President Hagemeyer: Sheldon, I have work to do, and I'm sure that you can solve this one on your own.
Sheldon: I suppose a nap might be refreshing. What kind of lumbar support does that couch have?
President Hagemeyer: That's it. Come with me.
Quote from George Jr.
Meemaw: So, how we doing?
Georgie: Not bad, but I still think if you let me advertise, we could get more people in here.
Meemaw: How do you advertise a place that ain't exactly legal?
Georgie: People love secrets. We could get flyers that say, "Come to our secret gambling room, but, shh, don't tell anybody."
Meemaw: That's how I feel about your ideas, "Shh, don't tell anybody."
Quote from June
June: Hey, y'all.
Meemaw: Hey, June. Glad you finally came down.

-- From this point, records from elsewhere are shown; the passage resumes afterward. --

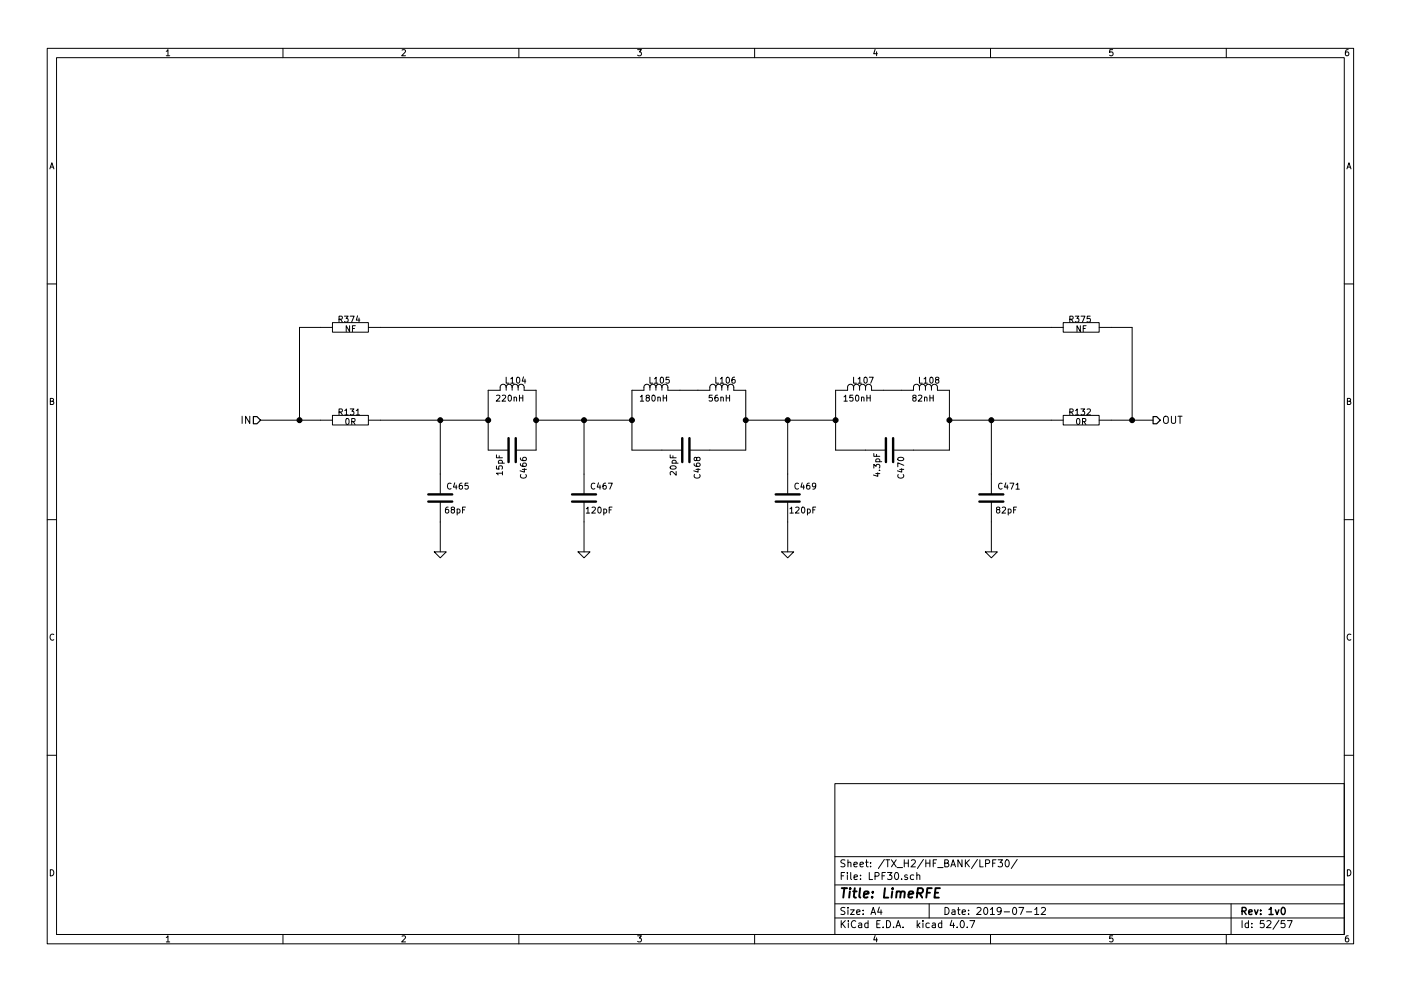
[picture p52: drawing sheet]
EESchema Schematic File Version 2
LIBS:LimeMicroBGD_Library
LIBS:power
LIBS:device
LIBS:transistors
LIBS:conn
LIBS:linear
LIBS:regul
LIBS:74xx
LIBS:cmos4000
LIBS:adc-dac
LIBS:memory
LIBS:xilinx
LIBS:special
LIBS:microcontrollers
LIBS:dsp
LIBS:microchip
LIBS:analog_switches
LIBS:motorola
LIBS:texas
LIBS:intel
LIBS:audio
LIBS:interface
LIBS:digital-audio
LIBS:philips
LIBS:display
LIBS:cypress
LIBS:siliconi
LIBS:opto
LIBS:atmel
LIBS:contrib
LIBS:valves
LIBS:Lime_RFE-cache
EELAYER 25 0
EELAYER END
$Descr A4 11693 8268
encoding utf-8
Sheet 52 57
Title "LimeRFE"
Date "2019-07-12"
Rev "1v0"
Comp ""
Comment1 ""
Comment2 ""
Comment3 ""
Comment4 ""
$EndDescr
Wire Wire Line
	3675 3500 3675 3950
Wire Wire Line
	4075 3250 4075 3750
Wire Wire Line
	4475 3250 4475 3750
Connection ~ 4475 3500
Wire Wire Line
	3175 3500 4075 3500
Connection ~ 4075 3500
Wire Wire Line
	4875 3950 4875 3500
Connection ~ 4875 3500
Wire Wire Line
	5275 3250 5275 3750
Wire Wire Line
	5275 3750 5525 3750
Wire Wire Line
	6225 3750 5925 3750
Wire Wire Line
	6225 3250 6225 3750
Wire Wire Line
	5825 3250 5675 3250
Wire Wire Line
	4475 3500 5275 3500
Connection ~ 5275 3500
Wire Wire Line
	6975 3750 7225 3750
Wire Wire Line
	7925 3750 7625 3750
Wire Wire Line
	7925 3250 7925 3750
Wire Wire Line
	7525 3250 7375 3250
Connection ~ 6975 3500
Wire Wire Line
	6225 3500 6975 3500
Connection ~ 6225 3500
Wire Wire Line
	6975 3250 6975 3750
Wire Wire Line
	6575 3950 6575 3500
Connection ~ 6575 3500
Wire Wire Line
	7925 3500 8775 3500
Wire Wire Line
	8275 3500 8275 3950
Connection ~ 7925 3500
$Comp
L GND #PWR468
U 1 1
P 3675 4600
AR Path="/5CAD20EB/5C58761B/5D2A72F1" Ref="#PWR468"  Part="1" 
AR Path="/5CD70128/5D1FA13B/5D1FB8AA/5D2A72F1" Ref="#PWR883"  Part="1" 
AR Path="/5CD70128/5D1FA13B/5D6AAE97/5D2A72F1" Ref="#PWR01029"  Part="1" 
F 0 "#PWR01029" H 3675 4600 30  0001 C CNN
F 1 "GND" H 3675 4530 30  0001 C CNN
F 2 "" H 3675 4600 60  0001 C CNN
F 3 "" H 3675 4600 60  0001 C CNN
	1    3675 4600
	1    0    0    -1  
$EndComp
$Comp
L GND #PWR469
U 1 1
P 4875 4600
AR Path="/5CAD20EB/5C58761B/5D2A72F7" Ref="#PWR469"  Part="1" 
AR Path="/5CD70128/5D1FA13B/5D1FB8AA/5D2A72F7" Ref="#PWR884"  Part="1" 
AR Path="/5CD70128/5D1FA13B/5D6AAE97/5D2A72F7" Ref="#PWR01030"  Part="1" 
F 0 "#PWR01030" H 4875 4600 30  0001 C CNN
F 1 "GND" H 4875 4530 30  0001 C CNN
F 2 "" H 4875 4600 60  0001 C CNN
F 3 "" H 4875 4600 60  0001 C CNN
	1    4875 4600
	1    0    0    -1  
$EndComp
$Comp
L GND #PWR470
U 1 1
P 6575 4600
AR Path="/5CAD20EB/5C58761B/5D2A72FD" Ref="#PWR470"  Part="1" 
AR Path="/5CD70128/5D1FA13B/5D1FB8AA/5D2A72FD" Ref="#PWR885"  Part="1" 
AR Path="/5CD70128/5D1FA13B/5D6AAE97/5D2A72FD" Ref="#PWR01031"  Part="1" 
F 0 "#PWR01031" H 6575 4600 30  0001 C CNN
F 1 "GND" H 6575 4530 30  0001 C CNN
F 2 "" H 6575 4600 60  0001 C CNN
F 3 "" H 6575 4600 60  0001 C CNN
	1    6575 4600
	1    0    0    -1  
$EndComp
$Comp
L GND #PWR471
U 1 1
P 8275 4600
AR Path="/5CAD20EB/5C58761B/5D2A7303" Ref="#PWR471"  Part="1" 
AR Path="/5CD70128/5D1FA13B/5D1FB8AA/5D2A7303" Ref="#PWR886"  Part="1" 
AR Path="/5CD70128/5D1FA13B/5D6AAE97/5D2A7303" Ref="#PWR01032"  Part="1" 
F 0 "#PWR01032" H 8275 4600 30  0001 C CNN
F 1 "GND" H 8275 4530 30  0001 C CNN
F 2 "" H 8275 4600 60  0001 C CNN
F 3 "" H 8275 4600 60  0001 C CNN
	1    8275 4600
	1    0    0    -1  
$EndComp
Wire Wire Line
	8275 4600 8275 4350
Wire Wire Line
	6575 4600 6575 4350
Wire Wire Line
	4875 4600 4875 4350
Wire Wire Line
	3675 4600 3675 4350
Connection ~ 8275 3500
Connection ~ 3675 3500
Text HLabel 9625 3500 2    60   Output ~ 0
OUT
Wire Wire Line
	9275 3500 9625 3500
Text HLabel 2175 3500 0    60   Input ~ 0
IN
Wire Wire Line
	2175 3500 2675 3500
Wire Wire Line
	2675 2725 2500 2725
Wire Wire Line
	2500 2725 2500 3500
Connection ~ 2500 3500
Wire Wire Line
	9275 2725 9450 2725
Wire Wire Line
	9450 2725 9450 3500
Connection ~ 9450 3500
Wire Wire Line
	3175 2725 8775 2725
$Comp
L 0RNF_0805_Yageo R375
U 1 1
P 9025 2725
AR Path="/5CD70128/5D1FA13B/5D1FB8AA/5D5D9308" Ref="R375"  Part="1" 
AR Path="/5CAD20EB/5C58761B/5D5D9308" Ref="R373"  Part="1" 
AR Path="/5CD70128/5D1FA13B/5D6AAE97/5D5D9308" Ref="R375"  Part="1" 
F 0 "R375" H 9015 2795 50  0000 C CNN
F 1 "0RNF_0805_Yageo" H 9025 2875 50  0001 C CNN
F 2 "SMD0805" H 9025 2975 60  0001 C CNN
F 3 "" H 9015 2795 60  0000 C CNN
F 4 "Mouser" H 9025 3375 60  0001 C CNN "Vendor"
F 5 "603-RC0805JR-070RL" H 9025 3475 60  0001 C CNN "Vendor Part Number"
F 6 "Yageo" H 9025 3275 60  0001 C CNN "Manufacturer"
F 7 "RC0805JR-070RL" H 9025 3175 60  0001 C CNN "Manufacturer Part Number"
F 8 "Thick Film Resistors - SMD ZERO OHM JUMPER" H 9025 3075 60  0001 C CNN "Description"
F 9 "NF" H 9025 2715 50  0000 C CNN "Component Value"
	1    9025 2725
	1    0    0    -1  
$EndComp
$Comp
L 0RNF_0805_Yageo R374
U 1 1
P 2925 2725
AR Path="/5CD70128/5D1FA13B/5D1FB8AA/5D5D975D" Ref="R374"  Part="1" 
AR Path="/5CAD20EB/5C58761B/5D5D975D" Ref="R328"  Part="1" 
AR Path="/5CD70128/5D1FA13B/5D6AAE97/5D5D975D" Ref="R374"  Part="1" 
F 0 "R374" H 2915 2795 50  0000 C CNN
F 1 "0RNF_0805_Yageo" H 2925 2875 50  0001 C CNN
F 2 "SMD0805" H 2925 2975 60  0001 C CNN
F 3 "" H 2915 2795 60  0000 C CNN
F 4 "Mouser" H 2925 3375 60  0001 C CNN "Vendor"
F 5 "603-RC0805JR-070RL" H 2925 3475 60  0001 C CNN "Vendor Part Number"
F 6 "Yageo" H 2925 3275 60  0001 C CNN "Manufacturer"
F 7 "RC0805JR-070RL" H 2925 3175 60  0001 C CNN "Manufacturer Part Number"
F 8 "Thick Film Resistors - SMD ZERO OHM JUMPER" H 2925 3075 60  0001 C CNN "Description"
F 9 "NF" H 2925 2715 50  0000 C CNN "Component Value"
	1    2925 2725
	1    0    0    -1  
$EndComp
$Comp
L 0R_0805 R131
U 1 1
P 2925 3500
AR Path="/5CD70128/5D1FA13B/5D1FB8AA/5D69D3A8" Ref="R131"  Part="1" 
AR Path="/5CAD20EB/5C58761B/5D69D3A8" Ref="R370"  Part="1" 
AR Path="/5CD70128/5D1FA13B/5D6AAE97/5D69D3A8" Ref="R131"  Part="1" 
F 0 "R131" H 2915 3570 50  0000 C CNN
F 1 "0R_0805" H 2925 3750 50  0001 C CNN
F 2 "SMD0805" H 2925 3850 60  0001 C CNN
F 3 "" V 2925 3500 60  0000 C CNN
F 4 "Mouser" H 2925 4350 60  0001 C CNN "Vendor"
F 5 "71-RCS08050000Z0EA" H 2945 4230 60  0001 C CNN "Vendor Part Number"
F 6 "Vishay Dale" H 2925 4150 60  0001 C CNN "Manufacturer"
F 7 "RCS08050000Z0EA" H 2925 4050 60  0001 C CNN "Manufacturer Part Number"
F 8 "Thick Film Resistors - SMD 0.4watt ZeroOhms" H 2925 3950 60  0001 C CNN "Description"
F 9 "0R" H 2925 3490 50  0000 C CNN "Component Value"
	1    2925 3500
	1    0    0    -1  
$EndComp
$Comp
L 0R_0805 R132
U 1 1
P 9025 3500
AR Path="/5CD70128/5D1FA13B/5D1FB8AA/5D63E8A9" Ref="R132"  Part="1" 
AR Path="/5CAD20EB/5C58761B/5D63E8A9" Ref="R371"  Part="1" 
AR Path="/5CD70128/5D1FA13B/5D6AAE97/5D63E8A9" Ref="R132"  Part="1" 
F 0 "R132" H 9015 3570 50  0000 C CNN
F 1 "0R_0805" H 9025 3750 50  0001 C CNN
F 2 "SMD0805" H 9025 3850 60  0001 C CNN
F 3 "" V 9025 3500 60  0000 C CNN
F 4 "Mouser" H 9025 4350 60  0001 C CNN "Vendor"
F 5 "71-RCS08050000Z0EA" H 9045 4230 60  0001 C CNN "Vendor Part Number"
F 6 "Vishay Dale" H 9025 4150 60  0001 C CNN "Manufacturer"
F 7 "RCS08050000Z0EA" H 9025 4050 60  0001 C CNN "Manufacturer Part Number"
F 8 "Thick Film Resistors - SMD 0.4watt ZeroOhms" H 9025 3950 60  0001 C CNN "Description"
F 9 "0R" H 9025 3490 50  0000 C CNN "Component Value"
	1    9025 3500
	1    0    0    -1  
$EndComp
$Comp
L 82nH_0805_0805HP-82NXJRB L108
U 1 1
P 7725 3250
F 0 "L108" V 7640 3280 50  0000 C CNN
F 1 "82nH_0805_0805HP-82NXJRB" H 7725 3500 50  0001 C CNN
F 2 "SMD0805" H 7725 3600 60  0001 C CNN
F 3 "" H 7725 3250 60  0000 C CNN
F 4 "Mouser" H 7725 4100 60  0001 C CNN "Vendor"
F 5 "994-0805HP-82NXJRB" H 7725 4000 60  0001 C CNN "Vendor Part Number"
F 6 "Coilcraft" H 7725 3900 60  0001 C CNN "Manufacturer"
F 7 "0805HP-82NXJRB" H 7725 3800 60  0001 C CNN "Manufacturer Part Number"
F 8 "Fixed Inductors 82nH 5% 0.82A" H 7725 3700 60  0001 C CNN "Description"
F 9 "82nH" V 7790 3230 50  0000 C CNN "Component Value"
	1    7725 3250
	0    1    1    0   
$EndComp
$Comp
L 150nH_0805_0805HP-151XGRB L107
U 1 1
P 7175 3250
F 0 "L107" V 7090 3280 50  0000 C CNN
F 1 "150nH_0805_0805HP-151XGRB" H 7175 3500 50  0001 C CNN
F 2 "SMD0805" H 7175 3600 60  0001 C CNN
F 3 "" H 7175 3250 60  0000 C CNN
F 4 "Mouser" H 7175 4100 60  0001 C CNN "Vendor"
F 5 "994-0805HP-151XGRB" H 7175 4000 60  0001 C CNN "Vendor Part Number"
F 6 "Coilcraft" H 7175 3900 60  0001 C CNN "Manufacturer"
F 7 "0805HP-151XGRB" H 7175 3800 60  0001 C CNN "Manufacturer Part Number"
F 8 "Fixed Inductors 150nH 2% 0.6A" H 7175 3700 60  0001 C CNN "Description"
F 9 "150nH" V 7240 3230 50  0000 C CNN "Component Value"
	1    7175 3250
	0    1    1    0   
$EndComp
$Comp
L 56nH_0805_0805HP-56NXGRB L106
U 1 1
P 6025 3250
F 0 "L106" V 5940 3280 50  0000 C CNN
F 1 "56nH_0805_0805HP-56NXGRB" H 6025 3500 50  0001 C CNN
F 2 "SMD0805" H 6025 3600 60  0001 C CNN
F 3 "" H 6025 3250 60  0000 C CNN
F 4 "Mouser" H 6025 4100 60  0001 C CNN "Vendor"
F 5 "994-0805HP-56NXGRB" H 6025 4000 60  0001 C CNN "Vendor Part Number"
F 6 "Coilcraft" H 6025 3900 60  0001 C CNN "Manufacturer"
F 7 "0805HP-56NXGRB" H 6025 3800 60  0001 C CNN "Manufacturer Part Number"
F 8 "Fixed Inductors 56nH 2% 0.95A" H 6025 3700 60  0001 C CNN "Description"
F 9 "56nH" V 6090 3230 50  0000 C CNN "Component Value"
	1    6025 3250
	0    1    1    0   
$EndComp
$Comp
L 180nH_0805_0805HP-181XGRB L105
U 1 1
P 5475 3250
F 0 "L105" V 5390 3280 50  0000 C CNN
F 1 "180nH_0805_0805HP-181XGRB" H 5475 3500 50  0001 C CNN
F 2 "SMD0805" H 5475 3600 60  0001 C CNN
F 3 "" H 5475 3250 60  0000 C CNN
F 4 "Mouser" H 5475 4100 60  0001 C CNN "Vendor"
F 5 "994-0805HP-181XGRB" H 5475 4000 60  0001 C CNN "Vendor Part Number"
F 6 "Coilcraft" H 5475 3900 60  0001 C CNN "Manufacturer"
F 7 "0805HP-181XGRB" H 5475 3800 60  0001 C CNN "Manufacturer Part Number"
F 8 "Fixed Inductors 180nH 2% 0.54A" H 5475 3700 60  0001 C CNN "Description"
F 9 "180nH" V 5540 3230 50  0000 C CNN "Component Value"
	1    5475 3250
	0    1    1    0   
$EndComp
$Comp
L 220nH_0805_0805HP-221XGRB L104
U 1 1
P 4275 3250
F 0 "L104" V 4190 3280 50  0000 C CNN
F 1 "220nH_0805_0805HP-221XGRB" H 4275 3500 50  0001 C CNN
F 2 "SMD0805" H 4275 3600 60  0001 C CNN
F 3 "" H 4275 3250 60  0000 C CNN
F 4 "Mouser" H 4275 4100 60  0001 C CNN "Vendor"
F 5 "994-0805HP-221XGRB" H 4275 4000 60  0001 C CNN "Vendor Part Number"
F 6 "Coilcraft" H 4275 3900 60  0001 C CNN "Manufacturer"
F 7 "0805HP-221XGRB" H 4275 3800 60  0001 C CNN "Manufacturer Part Number"
F 8 "Fixed Inductors 220nH 2% 0.5A DCR=0.426Ohms" H 4275 3700 60  0001 C CNN "Description"
F 9 "220nH" V 4340 3230 50  0000 C CNN "Component Value"
	1    4275 3250
	0    1    1    0   
$EndComp
$Comp
L 68pF_0402_GCM1555C1H680JA16J C465
U 1 1
P 3675 4150
F 0 "C465" H 3725 4250 50  0000 L CNN
F 1 "68pF_0402_GCM1555C1H680JA16J" H 3325 4550 50  0001 L CNN
F 2 "SMD0402" H 3675 4450 39  0001 C CNN
F 3 "" H 3725 4250 60  0000 C CNN
F 4 "Mouser" H 3675 4650 60  0001 C CNN "Vendor"
F 5 "81-GCM1555C1H680JA6J" H 3625 4750 60  0001 C CNN "Vendor Part Number"
F 6 "Murata Electronics" H 3675 4850 60  0001 C CNN "Manufacturer"
F 7 "GCM1555C1H680JA16J" H 3725 4950 60  0001 C CNN "Manufacturer Part Number"
F 8 "Multilayer Ceramic Capacitors MLCC - SMD/SMT 0402 68pF 50volts C0G 5%" H 3775 5050 60  0001 C CNN "Description"
F 9 "68pF" H 3800 4050 50  0000 C CNN "Component Value"
	1    3675 4150
	1    0    0    -1  
$EndComp
$Comp
L 15pF_0402_GJM1555C1H150JB01D C466
U 1 1
P 4275 3750
F 0 "C466" H 4325 3850 50  0000 L CNN
F 1 "15pF_0402_GJM1555C1H150JB01D" H 3925 4150 50  0001 L CNN
F 2 "SMD0402" H 4275 4050 39  0001 C CNN
F 3 "" H 4325 3850 60  0000 C CNN
F 4 "Mouser" H 4275 4250 60  0001 C CNN "Vendor"
F 5 "81-GJM1555C1H150JB1D" H 4225 4350 60  0001 C CNN "Vendor Part Number"
F 6 "Murata Electronics" H 4275 4450 60  0001 C CNN "Manufacturer"
F 7 "GJM1555C1H150JB01D" H 4325 4550 60  0001 C CNN "Manufacturer Part Number"
F 8 "Multilayer Ceramic Capacitors MLCC - SMD/SMT 0402 15pF 50Volts C0G 5%" H 4375 4650 60  0001 C CNN "Description"
F 9 "15pF" H 4400 3650 50  0000 C CNN "Component Value"
	1    4275 3750
	0    1    1    0   
$EndComp
$Comp
L 120pF_0603_GRM1885C2A121JA01D C467
U 1 1
P 4875 4150
F 0 "C467" H 4925 4250 50  0000 L CNN
F 1 "120pF_0603_GRM1885C2A121JA01D" H 4225 4850 50  0001 L CNN
F 2 "SMD0603" H 4875 4750 60  0001 C CNN
F 3 "" H 4875 4150 60  0000 C CNN
F 4 "Mouser" H 4875 5350 60  0001 C CNN "Vendor"
F 5 "81-GRM1885C2A121JA01" H 4825 5250 60  0001 C CNN "Vendor Part Number"
F 6 "Murata Electronics" H 4825 5150 60  0001 C CNN "Manufacturer"
F 7 "GRM1885C2A121JA01D" H 4825 5050 60  0001 C CNN "Manufacturer Part Number"
F 8 "Multilayer Ceramic Capacitors MLCC - SMD/SMT 0603 120pF 100volts C0G 5%" H 4825 4950 60  0001 C CNN "Description"
F 9 "120pF" H 5000 4050 50  0000 C CNN "Component Value"
	1    4875 4150
	1    0    0    -1  
$EndComp
$Comp
L 120pF_0603_GRM1885C2A121JA01D C469
U 1 1
P 6575 4150
F 0 "C469" H 6625 4250 50  0000 L CNN
F 1 "120pF_0603_GRM1885C2A121JA01D" H 5925 4850 50  0001 L CNN
F 2 "SMD0603" H 6575 4750 60  0001 C CNN
F 3 "" H 6575 4150 60  0000 C CNN
F 4 "Mouser" H 6575 5350 60  0001 C CNN "Vendor"
F 5 "81-GRM1885C2A121JA01" H 6525 5250 60  0001 C CNN "Vendor Part Number"
F 6 "Murata Electronics" H 6525 5150 60  0001 C CNN "Manufacturer"
F 7 "GRM1885C2A121JA01D" H 6525 5050 60  0001 C CNN "Manufacturer Part Number"
F 8 "Multilayer Ceramic Capacitors MLCC - SMD/SMT 0603 120pF 100volts C0G 5%" H 6525 4950 60  0001 C CNN "Description"
F 9 "120pF" H 6700 4050 50  0000 C CNN "Component Value"
	1    6575 4150
	1    0    0    -1  
$EndComp
$Comp
L 20pF_0402_GJM1555C1H200GB01D C468
U 1 1
P 5725 3750
F 0 "C468" H 5775 3850 50  0000 L CNN
F 1 "20pF_0402_GJM1555C1H200GB01D" H 5375 4150 50  0001 L CNN
F 2 "SMD0402" H 5725 4050 39  0001 C CNN
F 3 "" H 5775 3850 60  0000 C CNN
F 4 "Mouser" H 5725 4250 60  0001 C CNN "Vendor"
F 5 "81-GJM1555C1H200GB01" H 5675 4350 60  0001 C CNN "Vendor Part Number"
F 6 "Murata Electronics" H 5725 4450 60  0001 C CNN "Manufacturer"
F 7 "GJM1555C1H200GB01D" H 5775 4550 60  0001 C CNN "Manufacturer Part Number"
F 8 "Multilayer Ceramic Capacitors MLCC - SMD/SMT 0402 20pF 50Volts C0G 2%" H 5825 4650 60  0001 C CNN "Description"
F 9 "20pF" H 5850 3650 50  0000 C CNN "Component Value"
	1    5725 3750
	0    1    1    0   
$EndComp
$Comp
L 4.3pF_0402_GCM1555C1H4R3CA16D C470
U 1 1
P 7425 3750
F 0 "C470" H 7475 3850 50  0000 L CNN
F 1 "4.3pF_0402_GCM1555C1H4R3CA16D" H 7075 4150 50  0001 L CNN
F 2 "SMD0402" H 7425 4050 39  0001 C CNN
F 3 "" H 7475 3850 60  0000 C CNN
F 4 "Mouser" H 7425 4250 60  0001 C CNN "Vendor"
F 5 "81-GCM1555C1H4R3CA6D" H 7375 4350 60  0001 C CNN "Vendor Part Number"
F 6 "Murata Electronics" H 7425 4450 60  0001 C CNN "Manufacturer"
F 7 "GCM1555C1H4R3CA16D" H 7475 4550 60  0001 C CNN "Manufacturer Part Number"
F 8 "Multilayer Ceramic Capacitors MLCC - SMD/SMT 0402 4.3pF 50volts C0G" H 7525 4650 60  0001 C CNN "Description"
F 9 "4.3pF" H 7550 3650 50  0000 C CNN "Component Value"
	1    7425 3750
	0    1    1    0   
$EndComp
$Comp
L 82pF_0603_GRM1885C1H820JA01D C471
U 1 1
P 8275 4150
F 0 "C471" H 8325 4250 50  0000 L CNN
F 1 "82pF_0603_GRM1885C1H820JA01D" H 7625 4600 50  0001 L CNN
F 2 "SMD0603" H 8275 4500 60  0001 C CNN
F 3 "" H 8275 4150 60  0000 C CNN
F 4 "Mouser" H 8275 5100 60  0001 C CNN "Vendor"
F 5 "81-GRM39C820J50" H 8275 5000 60  0001 C CNN "Vendor Part Number"
F 6 "Murata Electronics" H 8275 4900 60  0001 C CNN "Manufacturer"
F 7 "GRM1885C1H820JA01D" H 8275 4800 60  0001 C CNN "Manufacturer Part Number"
F 8 "Multilayer Ceramic Capacitors MLCC - SMD/SMT 0603 82pF 50volts C0G 5%" H 8275 4700 60  0001 C CNN "Description"
F 9 "82pF" H 8400 4050 50  0000 C CNN "Component Value"
	1    8275 4150
	1    0    0    -1  
$EndComp
$EndSCHEMATC

June: This is so fun, sneaking in through the back alley. [chuckles] Y'all should get a secret knock.
Georgie: 'Cause secrets are fun, right?
June: Absolutely.
Georgie: [to Meemaw] Told you.
Meemaw: Go do your job.
June: So, how's this all work?
Meemaw: You play, you lose, you go home smelling like cigarettes.
June: You just described my love life. [Meemaw laughs]
Quote from George Sr.
Mary: And if you're gonna take naps in your dorm, you might want an alarm clock.
George: And remember, no parties. [Sheldon is silent] That was a joke.
Sheldon: And now I know.
Quote from George Jr.
Georgie: Maybe we could give out punch cards, like they do at the sandwich shop.
Meemaw: Punch cards for what?
Georgie: You know, every ten times you come here, you get a free play.
Meemaw: What's to keep people from punching it themselves?
Georgie: I'm getting me a free sandwich.
Quote from Sheldon
Sam: Well, I was gonna study in my dorm, but there was a sock on my door.
Sheldon: Oh, and you didn't want to touch it. I understand completely.
Sam: Yeah, you really don't, but that's fine.
Sheldon: Well, I have a room here, so you could study with me if you'd like.
Sam: Oh, uh, yeah. Yeah. That'd be great. [chuckles]
Sheldon: Why was there a sock on your door?
Sam: It's like a signal.
Sheldon: A signal for what?
Sam: A signal that I should change the subject. How are your classes going?
Sheldon: So well, thank you for asking.
Quote from Sheldon
Sam: Wait, you have a single?
Sheldon: Uh-huh.
Sam: And you don't even sleep here?
Sheldon: Well, sometimes I take naps, but that mattress is lumpy, lumpy.
Sam: I live with two other girls in a room this size.
Sheldon: You should've complained to President Hagemeyer. She was very accommodating.
Sam: Wait, there are two closets?
Sheldon: That's a bathroom.
Sam: Are you kidding me? I share one with, like, 30 other people.
Sheldon: That sounds yucky.
Sam: It is, Sheldon. It is very yucky. However yucky you think it is, it is yuckier.
Sheldon: Well, you're welcome to use mine. Just squat over the seat, don't sit.